Furcas comments on Strong moral realism, meta-ethics and pseudo-questions. - Less Wrong

18 [deleted] 31 January 2010 08:20PM

You are viewing a comment permalink. View the original post to see all comments and the full post content.

Comments (172)

You are viewing a single comment's thread. Show more comments above.

Comment author: Furcas 01 February 2010 12:05:39AM *  4 points [-]

I understand and agree with your point that the long list of terminal values that most humans share aren't the 'right' ones because they're values that humans have. If Omega altered the brain of every human so that we had completely different values, 'morality' wouldn't change.

Therefore, to be perfectly precise, byrnema would have to edit her comment to substitute the long list of values that humans happen to share for the word 'human', and the long list of values that Babyeaters happen to share for the word 'babyeating'.
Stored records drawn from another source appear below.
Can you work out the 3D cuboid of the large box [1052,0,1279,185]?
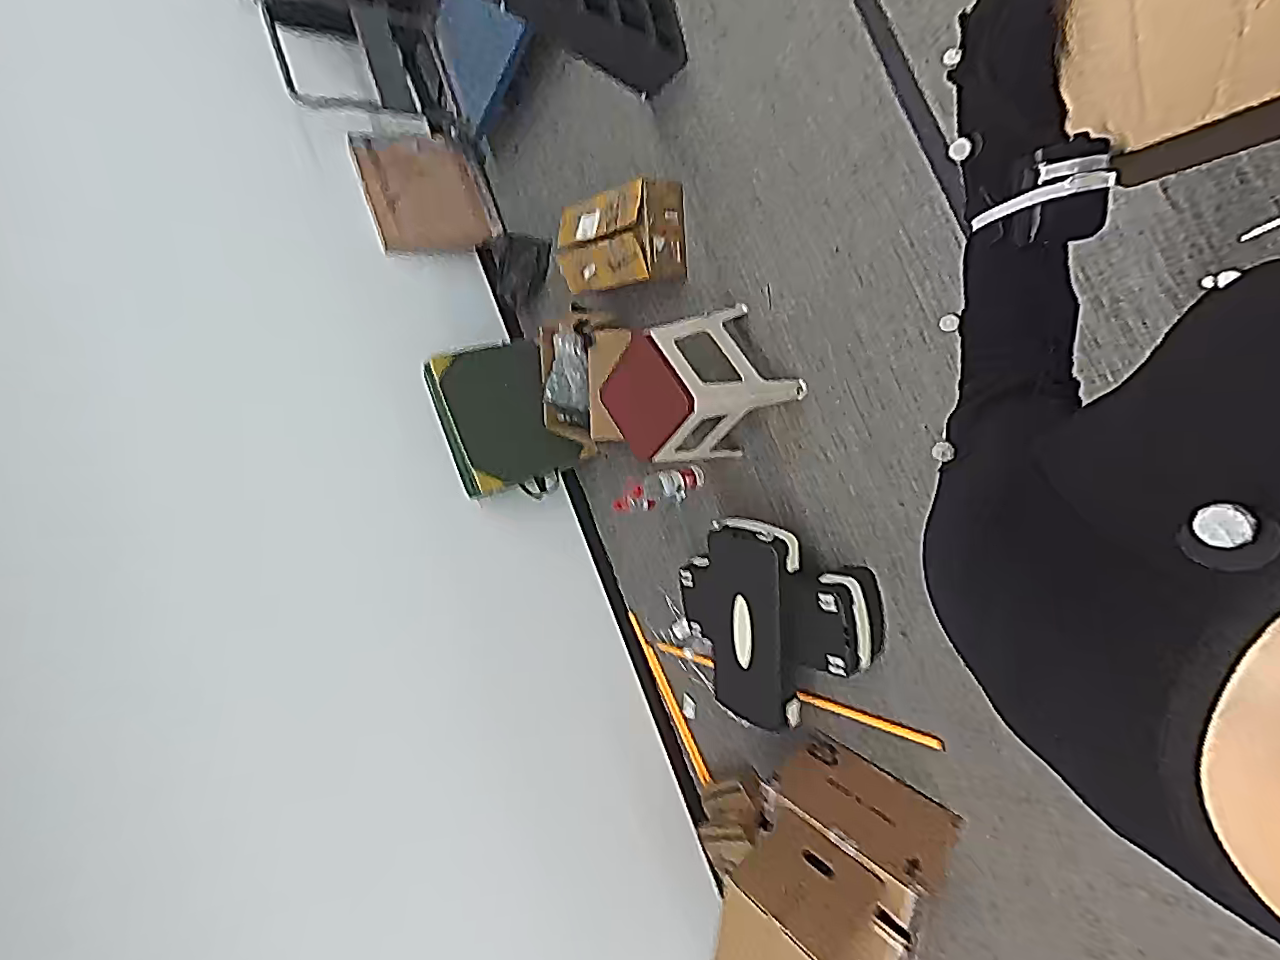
[{"bbox_3d":[0.519,-0.429,0.326,0.408,0.320,0.320,-2,106,49],"label":"large box"}]
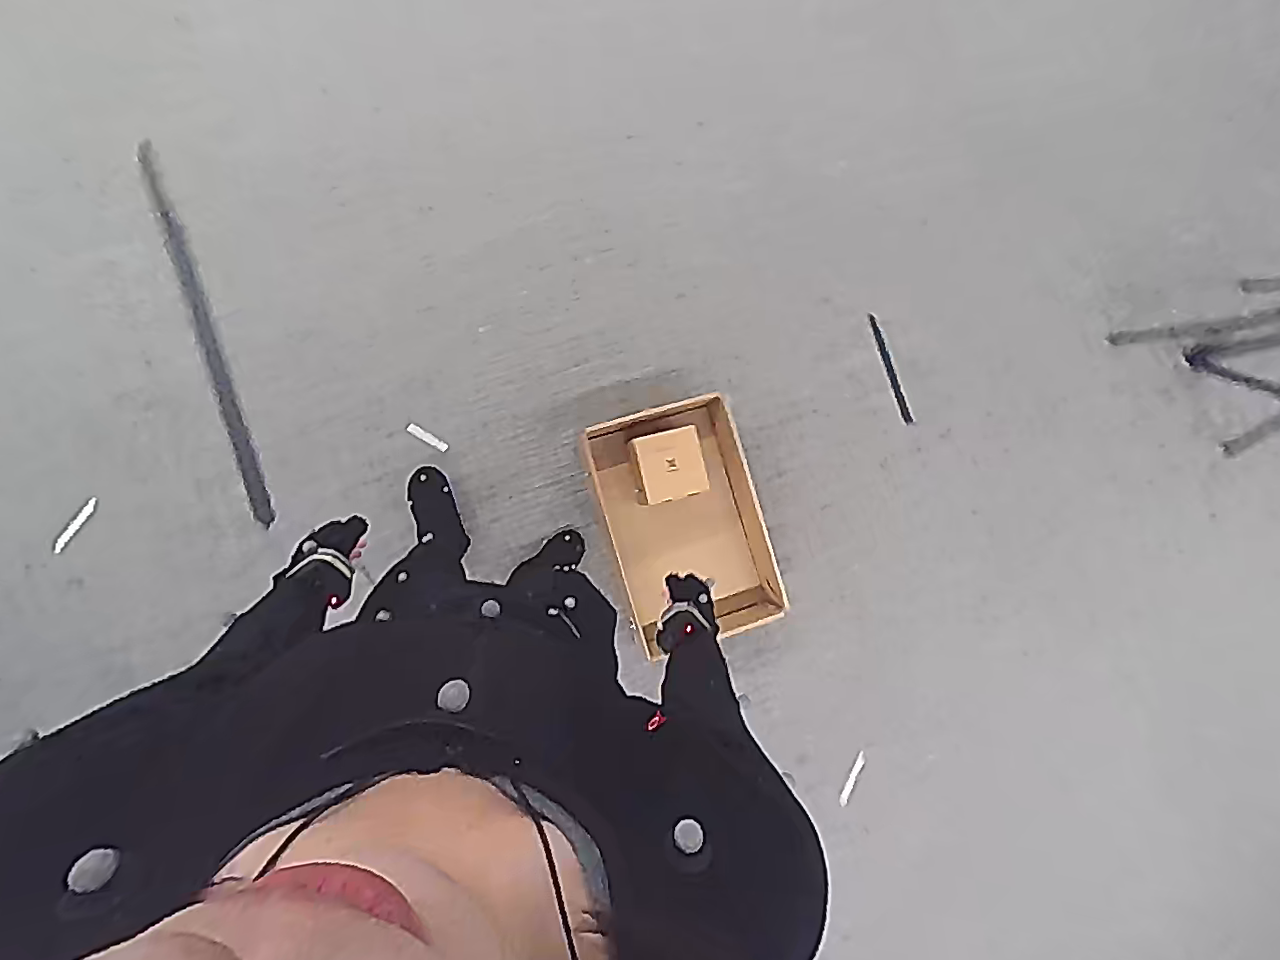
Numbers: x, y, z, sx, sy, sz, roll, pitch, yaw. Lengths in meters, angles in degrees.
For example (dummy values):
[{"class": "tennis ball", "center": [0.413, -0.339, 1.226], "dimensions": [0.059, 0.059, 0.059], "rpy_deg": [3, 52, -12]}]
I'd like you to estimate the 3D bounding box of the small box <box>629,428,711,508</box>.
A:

So yeah, I get why someone who doesn't want to create this kind of confusion in his interlocutors would avoid saying "human-right" and "human-moral". The problem is that you're creating another kind of confusion.

Comment author: byrnema 01 February 2010 12:37:40AM 1 point [-]

If Omega altered the brain of every human so that we had completely different values, 'morality' wouldn't change.

Is this because morality is reserved for a particular list - the list we currently have -- rather than a token for any list that could be had?

Comment author: Furcas 01 February 2010 12:49:32AM 2 points [-]

It's because [long list of terminal values that current humans happen to share]-morality is defined by the long list of terminal values that current humans happen to share. It's not defined by the list of terminal values that post-Omega humans would happen to have.

Is arithmetic "reserved for" a particular list of axioms or for a token for any list of axioms? Neither. Arithmetic is its axioms and all that can be computed from them.